This is a moment of my life. Is something that I will never do in my life. I felt when I did this I let my dignity go.

I hated begging for things. Just not my style anymore.

I sometime want to slap myself. Yet at the same time I was a little girl so I have to understand. But now I'm a grown ass woman and know my worth.

"I'll tell you." I say taking a shot.

Ten years ago

A week after Amelia's birthday I have not spoken a word to my family due to what my father told me at the party. Nor did they try to talk to me in anyway form or fashion.

But things around the house seemed to be on the edge. Like tension can be felt but not because of me or at least I don't think so. Because I haven't heard them downstairs laughing and having fun on the dinner table. It is mostly quiet now. Like they all just eat their food and leave. I wonder what's that about. But since I'm holding a huge grudge at the moment I won't and refuse to give a shit.

When I'm at school I no longer talk to Myra. Who even after she betrayed me tried to speak to me. Like what in her mind thought that I would ever talk to her again? I truly have become a lonely and bitter person. Like I wanted to go a punching spreed I had whole list of people that I wanted to punch but couldn't do to who they were

Punching list

•Roman (face and balls)
•Amelia (face and tits)
•Mom
•Dad (just the balls)
•Brother(just the balls)
•The Luna(tits)
•The Alpha(because Roman came out of his ballsack)
•The gym teacher( tits)
•Myra(face,tits and back)
•My brother(balls)

My list keeps getting bigger and bigger each day.

The way i took all my anger out is by starting to write out my emotions in songs. I always loved singing it's been my passion. But I'm now dabbling in song writing which comes easier to me than I thought. I could really write a good song in my opinion. I even thought of the beat.

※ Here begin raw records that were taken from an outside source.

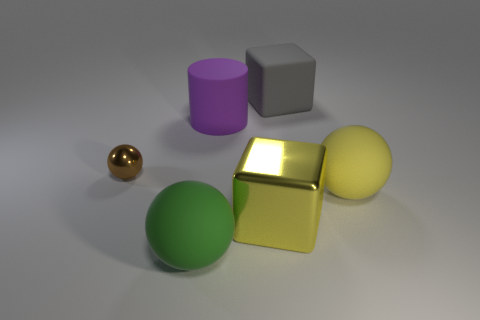Add 3 big objects. How many objects exist? 9 Subtract all cubes. How many objects are left? 4 Subtract all tiny brown objects. Subtract all tiny yellow matte blocks. How many objects are left? 5 Add 2 big rubber cylinders. How many big rubber cylinders are left? 3 Add 3 small metal things. How many small metal things exist? 4 Subtract 0 yellow cylinders. How many objects are left? 6 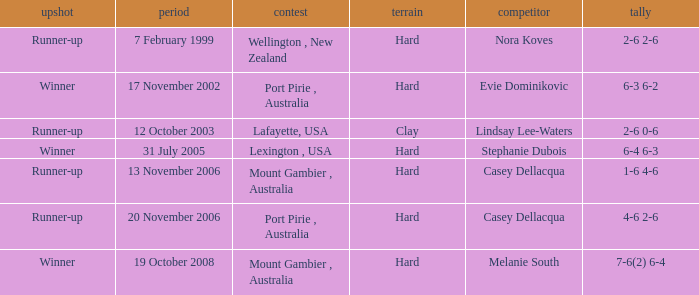Which Opponent is on 17 november 2002? Evie Dominikovic. 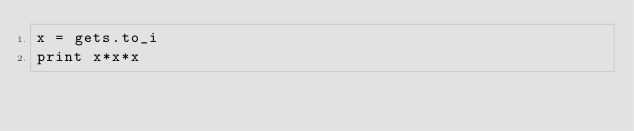Convert code to text. <code><loc_0><loc_0><loc_500><loc_500><_Ruby_>x = gets.to_i
print x*x*x</code>

Right now I'm writting a song about heart break. Mostly about what's going on currently in my life.

I was cleaning the floor when the Luna came in. She looked at me as if I was the scum on the earth.

"Thank God my son chose you." Says the Luna to Amelia walking outside to the garden. That hurt. Everyone in the pack knew that I was Romans mate and they all were okay with the fact that he chose my sister over me.

I wanted to leave but I only had nine hundred dollars saved up. I wanted to go new York. It was my dream city but was it enough?

Why not try. It's not like this family ever cared about me. There's nothing left for me here. Only hurt yet there was something I needed to do.

Later that day I walked to Romans personal house. I knocked on the door. It took a while for him to open and when he did. He sighed when he saw me.

I felt like was going to choke up and I wanted to cry. I needed to do this. This is my last hope.

It started to rain outside.

"Please I'm going to beg you one last time. Please don't reject me. I Will do anything to be with you." I cried on his door step in the rain. I didn't care. All I wanted was my mate to wait for me. Please wait for me. "Please it hurts me a lot to see you with my sister... I have no one."

"Go home Channel." He says.

"Roman who's there?" I hear Amelia walking to the door with only his shirt on. She looks at me and him.

"You need to take a hint and leave us." She says. Closing the door on me and my hope and dreams.

My hope on ever having my mate is dead. I walked home. I don't know how I'm ever going to be happy if he's not by my side. When i got home. I took my back pack and started to pack some of my clothes and important document that I stole from my mom and dad's room and my notebooks which contained all my songs and feelings. I needed to get the hell out of here.

I needed to get away from this toxic family, hypocrite town who's always stressing the importance of mates yet where's the stress here?

I went to Romans house in hopes that he would accept me a gave me a reason to stay. And if not some type of closure as in he's never going to want me.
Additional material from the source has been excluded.